В 1975 году Шафаревичу пришло письмо из Италии. Автор письма — тогдашний президент итальянской академии наук "Accademia Nazionale dei Lincei". (Часто употребляемое сокращение "Accademia dei Lincei" — "Академия рысьеглазых". Академики называют себя "рысьеглазыми" (lincei) в знак особой зоркости зрения, которая необходима для научного познания. Эпитет родился из переосмысления классического оборота "Линкеевы глаза" — намёк на остроту зрения Линкея, вперёдсмотрящего аргонавтов.) В письме Шафаревичу предлагалось выехать с семьёй на веки вечные в Италию, с предоставлением академической виллы, полного пенсиона, и, главное, гарантировалась абсолютная свобода для математической и философской деятельности.

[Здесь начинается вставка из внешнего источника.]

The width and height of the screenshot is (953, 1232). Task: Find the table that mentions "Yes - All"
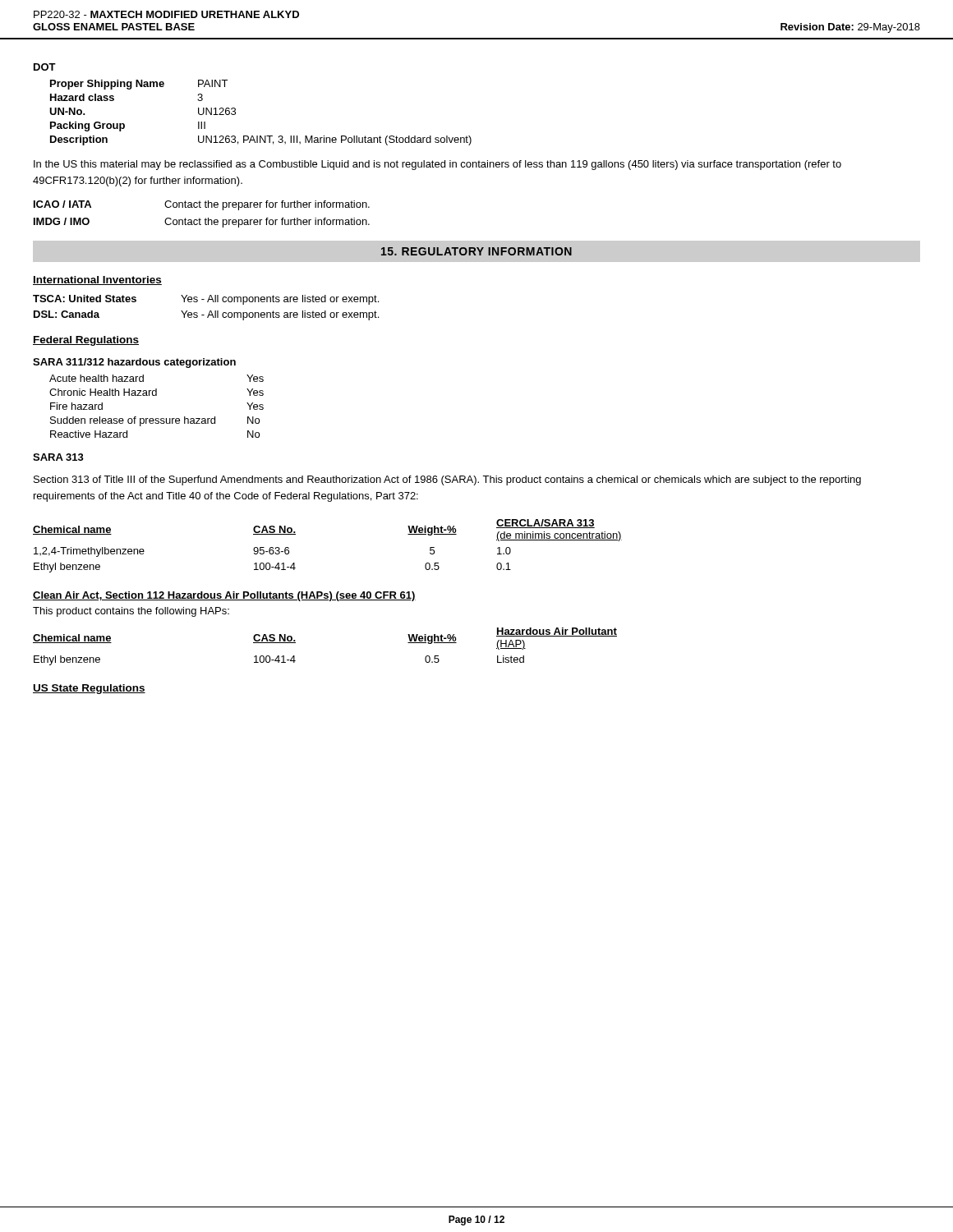click(x=476, y=306)

Шафаревич отказался. Самое любопытное в этой истории то, что президент-академик был этническим евреем. Воистину, в тысячный раз убеждаешься в правоте знаменитой аристотелевской максимы: "Целое больше суммы частей, входящих в него" — жизнь гораздо сложнее любого человеческого представления о ней.

Величие, мощь Шафаревича для нас, русских, для русской культуры, науки и, шире, русского бытия осознаны далеко не в полной мере. Наследие гения, его творческий потенциал распознаётся людьми в течение довольно долгого времени. И всё же великое счастье быть современником такого человека, иметь возможность прикасаться к плодам его творчества, наслаждаться и вдохновляться ими и, созерцая красоту и совершенство мыслей, являемых в них, осознавать, что если Бог ещё посылает нашему народу подобных гениев, мы как народ не безнадежны в Его глазах.